** DESCRIPTION OF THE TASK **
Please output only the lines that run from the line containing "What about the building [1259,466,1270,509]?" through the end of the material below, exactly.

** SUPPLIED DATA **
***

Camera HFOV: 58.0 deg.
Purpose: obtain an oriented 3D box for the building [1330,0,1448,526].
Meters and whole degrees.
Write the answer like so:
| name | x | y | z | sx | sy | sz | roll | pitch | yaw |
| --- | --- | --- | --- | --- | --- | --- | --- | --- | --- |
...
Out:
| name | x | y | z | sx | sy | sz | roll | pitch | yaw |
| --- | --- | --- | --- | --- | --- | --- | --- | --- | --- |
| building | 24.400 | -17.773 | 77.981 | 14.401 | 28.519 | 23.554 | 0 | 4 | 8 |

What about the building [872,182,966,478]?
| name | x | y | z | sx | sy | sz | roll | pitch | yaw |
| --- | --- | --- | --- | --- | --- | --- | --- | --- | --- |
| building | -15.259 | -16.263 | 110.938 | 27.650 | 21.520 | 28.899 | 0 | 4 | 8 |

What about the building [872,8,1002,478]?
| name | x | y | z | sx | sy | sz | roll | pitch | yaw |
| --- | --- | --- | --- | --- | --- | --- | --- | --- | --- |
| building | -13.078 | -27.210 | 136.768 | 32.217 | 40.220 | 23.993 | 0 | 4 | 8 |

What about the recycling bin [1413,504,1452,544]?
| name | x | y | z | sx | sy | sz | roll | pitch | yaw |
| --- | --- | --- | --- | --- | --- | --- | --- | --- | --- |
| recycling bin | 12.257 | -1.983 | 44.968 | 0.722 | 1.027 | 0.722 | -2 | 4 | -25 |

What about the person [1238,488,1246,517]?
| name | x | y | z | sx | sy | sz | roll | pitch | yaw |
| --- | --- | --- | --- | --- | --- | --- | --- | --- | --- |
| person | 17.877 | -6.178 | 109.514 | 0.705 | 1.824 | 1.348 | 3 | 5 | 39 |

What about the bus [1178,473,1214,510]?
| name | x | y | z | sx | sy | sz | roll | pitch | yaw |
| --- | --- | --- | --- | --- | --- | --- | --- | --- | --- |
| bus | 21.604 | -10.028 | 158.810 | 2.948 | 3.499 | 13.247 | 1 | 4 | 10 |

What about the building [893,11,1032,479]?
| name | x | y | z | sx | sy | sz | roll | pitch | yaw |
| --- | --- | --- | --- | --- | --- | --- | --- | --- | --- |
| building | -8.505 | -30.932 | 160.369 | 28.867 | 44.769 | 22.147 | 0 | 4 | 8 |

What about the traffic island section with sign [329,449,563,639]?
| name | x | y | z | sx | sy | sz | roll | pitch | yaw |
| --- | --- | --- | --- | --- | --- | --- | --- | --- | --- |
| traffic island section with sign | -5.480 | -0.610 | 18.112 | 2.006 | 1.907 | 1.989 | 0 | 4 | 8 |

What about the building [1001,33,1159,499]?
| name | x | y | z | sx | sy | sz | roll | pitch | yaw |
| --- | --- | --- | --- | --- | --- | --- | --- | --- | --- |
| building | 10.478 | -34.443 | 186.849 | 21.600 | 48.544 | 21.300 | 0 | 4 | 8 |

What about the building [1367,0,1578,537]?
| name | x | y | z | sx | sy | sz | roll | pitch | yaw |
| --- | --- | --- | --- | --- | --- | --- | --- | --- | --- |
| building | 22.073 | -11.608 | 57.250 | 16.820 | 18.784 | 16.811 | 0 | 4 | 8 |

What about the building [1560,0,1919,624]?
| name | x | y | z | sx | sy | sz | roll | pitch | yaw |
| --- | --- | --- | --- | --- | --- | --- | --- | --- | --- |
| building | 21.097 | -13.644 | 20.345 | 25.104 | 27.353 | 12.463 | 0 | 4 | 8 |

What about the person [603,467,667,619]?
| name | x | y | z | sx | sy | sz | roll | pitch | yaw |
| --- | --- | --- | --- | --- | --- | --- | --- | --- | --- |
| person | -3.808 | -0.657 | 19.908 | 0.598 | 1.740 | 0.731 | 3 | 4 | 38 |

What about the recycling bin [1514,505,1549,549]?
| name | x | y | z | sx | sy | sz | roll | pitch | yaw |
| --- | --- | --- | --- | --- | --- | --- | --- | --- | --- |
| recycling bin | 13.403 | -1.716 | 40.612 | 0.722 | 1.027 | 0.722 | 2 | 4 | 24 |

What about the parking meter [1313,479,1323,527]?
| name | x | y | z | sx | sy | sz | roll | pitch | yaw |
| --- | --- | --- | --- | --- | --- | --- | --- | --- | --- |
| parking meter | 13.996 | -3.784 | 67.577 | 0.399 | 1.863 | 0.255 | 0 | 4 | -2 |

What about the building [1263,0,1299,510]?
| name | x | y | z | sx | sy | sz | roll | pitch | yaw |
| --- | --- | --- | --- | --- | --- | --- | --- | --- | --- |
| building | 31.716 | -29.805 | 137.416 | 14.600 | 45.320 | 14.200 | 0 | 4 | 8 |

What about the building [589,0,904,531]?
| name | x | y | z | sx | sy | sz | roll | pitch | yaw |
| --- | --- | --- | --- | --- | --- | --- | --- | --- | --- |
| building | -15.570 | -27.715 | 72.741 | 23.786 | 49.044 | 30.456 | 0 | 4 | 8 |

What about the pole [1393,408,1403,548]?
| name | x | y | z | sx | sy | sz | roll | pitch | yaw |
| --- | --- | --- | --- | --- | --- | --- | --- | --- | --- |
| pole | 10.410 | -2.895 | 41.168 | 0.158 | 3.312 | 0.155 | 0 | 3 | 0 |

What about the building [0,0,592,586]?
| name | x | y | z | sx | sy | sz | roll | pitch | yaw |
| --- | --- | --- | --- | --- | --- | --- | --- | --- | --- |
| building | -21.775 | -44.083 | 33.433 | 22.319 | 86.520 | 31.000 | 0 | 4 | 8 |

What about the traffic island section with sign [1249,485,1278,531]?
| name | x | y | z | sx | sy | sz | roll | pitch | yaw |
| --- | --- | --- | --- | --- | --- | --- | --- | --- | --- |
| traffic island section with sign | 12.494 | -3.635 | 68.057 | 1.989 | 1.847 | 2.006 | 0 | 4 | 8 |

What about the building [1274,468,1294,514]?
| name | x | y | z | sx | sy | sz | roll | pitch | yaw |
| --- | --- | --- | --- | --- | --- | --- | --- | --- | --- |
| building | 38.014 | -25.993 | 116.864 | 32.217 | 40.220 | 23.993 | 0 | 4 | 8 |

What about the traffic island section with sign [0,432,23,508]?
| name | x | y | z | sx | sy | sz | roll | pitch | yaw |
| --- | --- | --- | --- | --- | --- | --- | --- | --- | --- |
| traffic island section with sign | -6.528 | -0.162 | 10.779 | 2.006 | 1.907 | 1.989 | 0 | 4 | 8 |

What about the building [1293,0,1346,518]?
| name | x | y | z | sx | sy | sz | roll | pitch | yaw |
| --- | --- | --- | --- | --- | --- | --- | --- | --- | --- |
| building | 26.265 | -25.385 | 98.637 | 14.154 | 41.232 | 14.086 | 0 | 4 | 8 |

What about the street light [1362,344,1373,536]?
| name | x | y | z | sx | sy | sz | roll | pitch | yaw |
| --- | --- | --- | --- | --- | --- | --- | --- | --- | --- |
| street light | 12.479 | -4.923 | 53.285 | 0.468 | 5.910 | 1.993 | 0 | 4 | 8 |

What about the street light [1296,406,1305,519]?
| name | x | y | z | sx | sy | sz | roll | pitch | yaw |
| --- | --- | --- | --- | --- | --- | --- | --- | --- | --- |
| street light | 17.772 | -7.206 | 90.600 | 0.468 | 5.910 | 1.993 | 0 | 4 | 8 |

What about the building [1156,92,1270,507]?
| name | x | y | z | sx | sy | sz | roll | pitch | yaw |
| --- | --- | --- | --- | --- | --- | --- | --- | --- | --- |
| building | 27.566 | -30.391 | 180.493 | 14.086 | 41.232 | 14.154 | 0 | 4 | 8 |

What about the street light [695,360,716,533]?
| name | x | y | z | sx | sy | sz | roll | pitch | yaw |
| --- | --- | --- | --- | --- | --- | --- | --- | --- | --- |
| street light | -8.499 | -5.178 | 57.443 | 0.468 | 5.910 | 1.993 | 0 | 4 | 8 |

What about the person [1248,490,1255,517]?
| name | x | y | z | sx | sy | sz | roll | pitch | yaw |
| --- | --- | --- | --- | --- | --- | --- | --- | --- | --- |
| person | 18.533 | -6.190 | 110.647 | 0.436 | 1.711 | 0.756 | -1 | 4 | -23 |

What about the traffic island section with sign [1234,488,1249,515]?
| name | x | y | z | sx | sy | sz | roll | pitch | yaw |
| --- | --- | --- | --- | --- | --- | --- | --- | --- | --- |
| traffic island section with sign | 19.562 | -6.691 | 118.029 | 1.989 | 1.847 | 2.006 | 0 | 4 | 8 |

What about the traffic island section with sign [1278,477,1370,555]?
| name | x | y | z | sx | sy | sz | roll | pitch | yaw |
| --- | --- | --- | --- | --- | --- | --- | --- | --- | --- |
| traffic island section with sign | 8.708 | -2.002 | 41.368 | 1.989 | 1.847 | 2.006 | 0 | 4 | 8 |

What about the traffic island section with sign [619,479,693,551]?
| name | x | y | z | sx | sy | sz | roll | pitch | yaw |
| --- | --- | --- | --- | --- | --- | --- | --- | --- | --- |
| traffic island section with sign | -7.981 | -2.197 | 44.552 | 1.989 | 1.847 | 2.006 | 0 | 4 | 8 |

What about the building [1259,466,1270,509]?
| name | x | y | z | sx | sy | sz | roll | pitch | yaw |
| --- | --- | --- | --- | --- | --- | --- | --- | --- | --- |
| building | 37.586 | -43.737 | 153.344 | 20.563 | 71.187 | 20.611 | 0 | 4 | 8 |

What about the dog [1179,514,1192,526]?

***

** SOLUTION TO THIS PROBLEM **
What about the building [1259,466,1270,509]?
| name | x | y | z | sx | sy | sz | roll | pitch | yaw |
| --- | --- | --- | --- | --- | --- | --- | --- | --- | --- |
| building | 37.586 | -43.737 | 153.344 | 20.563 | 71.187 | 20.611 | 0 | 4 | 8 |

What about the dog [1179,514,1192,526]?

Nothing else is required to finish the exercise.